Large rainbow matchings in edge-colored graphs

Abstract

A subgraph of an edge-colored graph is called rainbow if all of its edges have distinct colors. There has been much research on the topic of finding a large rainbow matching in a properly edge-colored graph, where a proper edge-coloring is a coloring of the edge set such that no same-colored edges are incident. Gao, Ramadurai, Wanless, and Wormald proved that in every proper edge-coloring of a graph with n colors where each color appears at least n+o(n) times, there is always a rainbow matching using every color.
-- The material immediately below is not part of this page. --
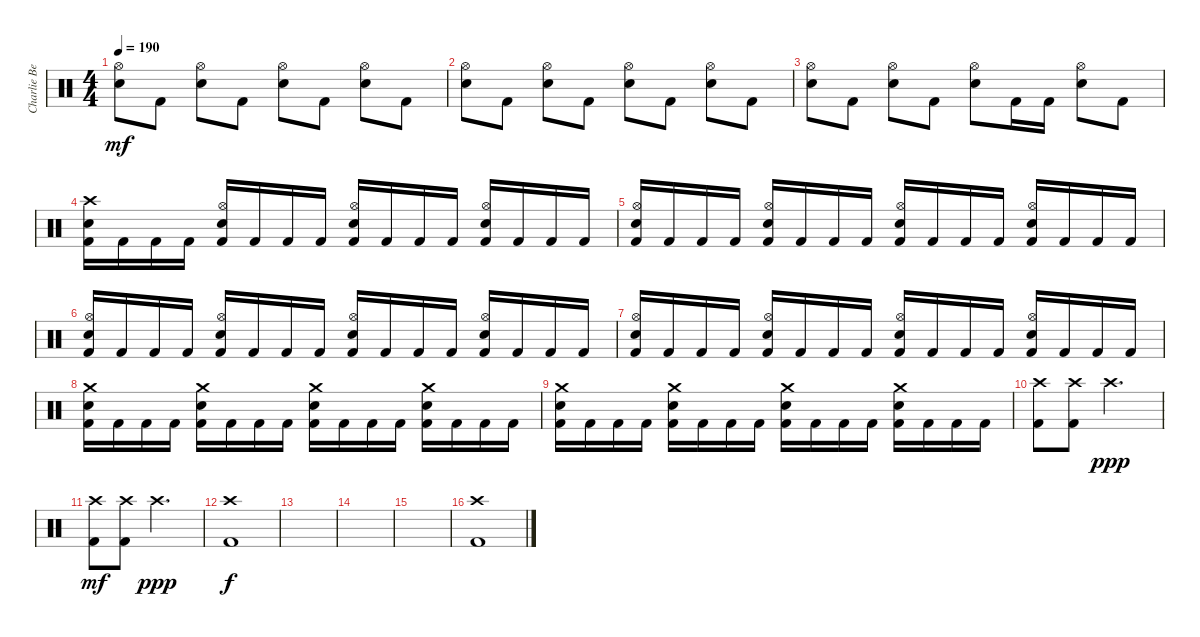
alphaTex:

We strengthen this result by simultaneously relaxing three conditions: (i) we lift the condition on the number of colors and allow any finite number of colors and instead, put a weaker condition requiring the maximum degree of the graph to be at most n, (ii) we relax the proper coloring condition and require that the graph induced by each of the colors have maximum degree o(n), and (iii) we work in a more general setting of multigraphs allowing edge multiplicities to be o(n). As an application of this result, we show that for every proper edge-coloring of a graph with 2n+o(n) colors where each color appears at least n times, there is always a rainbow matching of size n. Aharoni and Berger conjectured that 2n+o(n) can be replaced by n+1 in this statement. We dispute this conjecture with an explicit construction.